For the next puzzle, the overlapping squares, a quick back of the napkin solution gave me 25 square units.

I was really worried you wouldn't put a box around it at the end

i'm guessing the next one will not be as clean or quick to solve.

For tomorrow's question: Flip the light blue square to the left and you can see, that the blue square is the square over the hypotenuse and the light blue square is the square over the long leg of the bottom left triangle. We therefore have the relationship b² + 5² = c², where b is the sidelength of the light blue square and c is the sidelength of the blue square. The top triangle - through symmetry - shares all three angles with the bottom left triangle, as such they are similar and they share the same ratios. Calling the two legs (c - x) and y, we are looking for the area cx and have the following equations: b² + 5² = c² (c - x)² + y² = b² → c² - 2cx + x² + y² = b² (c - x)/b = b/c → c² - cx = b² Putting the last two together, we get b² - cx + x² + y² = b² |-b² +cx x² + y² = cx Now elongate the right side of the light blue square to the top of the blue square. This creates two other right angle triangles: One large one, which is identical to the bottom left triangle, just turned by 90° around the top left corner of the squares, as well as a tiny triangle... with the sides x, y and an hypotenuse of 5 (due to the symmetry). As such, x² + y² = 5² and that is the final piece to get our answer: cx = 5² = 25 units²

We got like 5 left we can do it

May i ask what app/website do you use for your demonstrations?

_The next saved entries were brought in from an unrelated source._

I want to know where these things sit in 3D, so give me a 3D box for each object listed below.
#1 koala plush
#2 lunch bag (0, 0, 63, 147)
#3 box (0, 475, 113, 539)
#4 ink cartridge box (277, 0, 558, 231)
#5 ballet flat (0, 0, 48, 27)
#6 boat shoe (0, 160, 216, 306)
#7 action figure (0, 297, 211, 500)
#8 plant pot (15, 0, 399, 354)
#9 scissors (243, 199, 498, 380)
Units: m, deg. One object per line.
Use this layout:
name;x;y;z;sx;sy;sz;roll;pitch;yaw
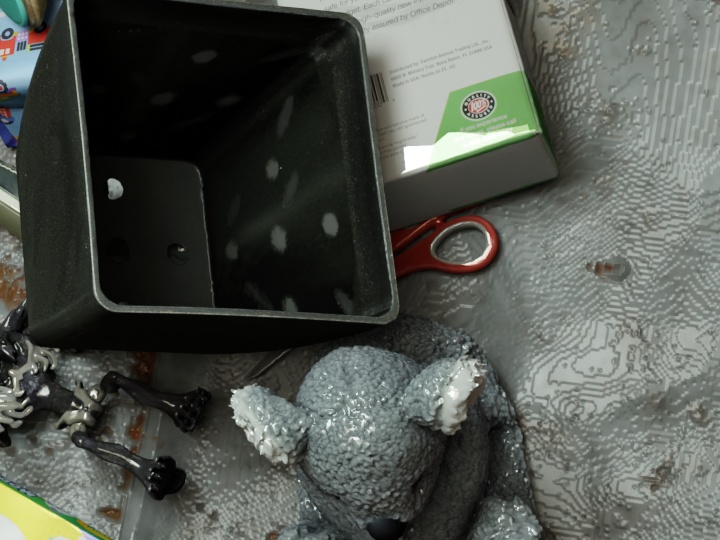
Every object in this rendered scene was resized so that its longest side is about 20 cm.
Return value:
koala plush;0.011;0.100;1.549;0.176;0.200;0.185;-8;75;12
lunch bag;-0.185;-0.199;1.738;0.150;0.094;0.201;-6;66;15
box;-0.252;0.192;1.674;0.199;0.048;0.118;27;84;20
ink cartridge box;0.032;-0.142;1.658;0.145;0.084;0.201;-17;68;9
ballet flat;-0.239;-0.231;1.709;0.072;0.068;0.200;-25;42;-21
boat shoe;-0.179;-0.035;1.696;0.199;0.075;0.066;30;75;15
action figure;-0.200;0.073;1.660;0.199;0.102;0.119;19;67;17
plant pot;-0.113;-0.039;1.569;0.198;0.177;0.201;3;69;-29
scissors;0.000;0.000;1.677;0.199;0.014;0.074;-27;73;8
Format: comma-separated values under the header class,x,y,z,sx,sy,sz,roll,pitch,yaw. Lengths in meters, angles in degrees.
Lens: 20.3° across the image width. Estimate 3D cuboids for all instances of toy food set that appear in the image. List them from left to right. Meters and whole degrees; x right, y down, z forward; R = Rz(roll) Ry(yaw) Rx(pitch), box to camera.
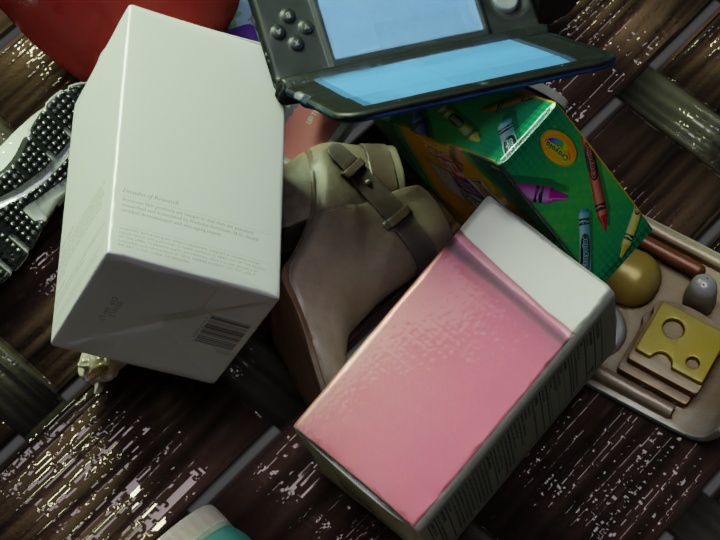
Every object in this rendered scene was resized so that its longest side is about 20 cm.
class,x,y,z,sx,sy,sz,roll,pitch,yaw
toy food set,0.198,0.015,1.414,0.199,0.061,0.144,28,64,15

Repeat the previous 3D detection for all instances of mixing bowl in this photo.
class,x,y,z,sx,sy,sz,roll,pitch,yaw
mixing bowl,-0.162,-0.200,1.454,0.199,0.200,0.109,-28,98,-15

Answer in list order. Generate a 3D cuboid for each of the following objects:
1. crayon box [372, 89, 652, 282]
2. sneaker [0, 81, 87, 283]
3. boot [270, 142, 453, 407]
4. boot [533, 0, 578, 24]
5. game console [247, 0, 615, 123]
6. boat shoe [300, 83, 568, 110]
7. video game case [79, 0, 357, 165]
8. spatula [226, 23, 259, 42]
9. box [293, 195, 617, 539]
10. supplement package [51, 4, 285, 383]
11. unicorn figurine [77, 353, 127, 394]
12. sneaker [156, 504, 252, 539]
class,x,y,z,sx,sy,sz,roll,pitch,yaw
crayon box,0.098,-0.069,1.365,0.058,0.119,0.200,-46,27,-8
sneaker,-0.248,-0.052,1.448,0.200,0.080,0.074,-43,101,-7
boot,0.000,0.000,1.420,0.145,0.070,0.202,-17,75,-23
boot,0.038,-0.233,1.502,0.185,0.065,0.200,-16,43,-41
game console,0.040,-0.175,1.320,0.198,0.118,0.172,-13,78,-20
boat shoe,0.052,-0.126,1.482,0.199,0.072,0.061,14,77,-5
video game case,-0.092,-0.150,1.525,0.199,0.017,0.143,28,65,14
spatula,-0.050,-0.190,1.475,0.199,0.021,0.057,-30,43,22
box,0.065,0.074,1.317,0.109,0.128,0.200,38,80,17
supplement package,-0.124,-0.050,1.332,0.119,0.121,0.202,14,55,-20
unicorn figurine,-0.151,0.009,1.414,0.136,0.074,0.201,-21,47,-11
sneaker,-0.136,0.239,1.278,0.080,0.072,0.200,37,65,23

To take half of square area probably would be simpler? (4*4) / 2 ? Just because most people remember formula for area of the square but not triangle :)

Wow, a simple one!

why the two tangent lines made 90 degree (what is the law)

Duh. I got caught thinking in triangles and solved it the harder way. Radius 4, so smaller triangles side lengths = 4/root(2). So since there are two, area = (4/root(2)) squared = 16/2 = 8. Far simpler to see the 4x4 square and divide by 2. Though functionally they are the same.

Day 27, ans: A = 25 units squared (???)

Its 8 isnt it

How Agg-citing!

day27 a:b=(b-x):a→bx=b^2-a^2=5^2 →A=25😊

Yay, a Geometry problem with no Algebra.

I hate to be a pedant who picks at nits, buttering your final step of resolving the area of the triangle 1/2 * 4 * 4, you violated the order of operations by multiplying the 4's together first. I know in this instance as all of the operations are multiplications ultimately it doesn't change this particular solution (hence why this is a nit-pick), but considering the staggering number of people online who don't know the order of operations IMO it would be good to set a proper example by following them strictly, even in trivial situations like this.

This stuff is too easy for a KZbin video. Come on.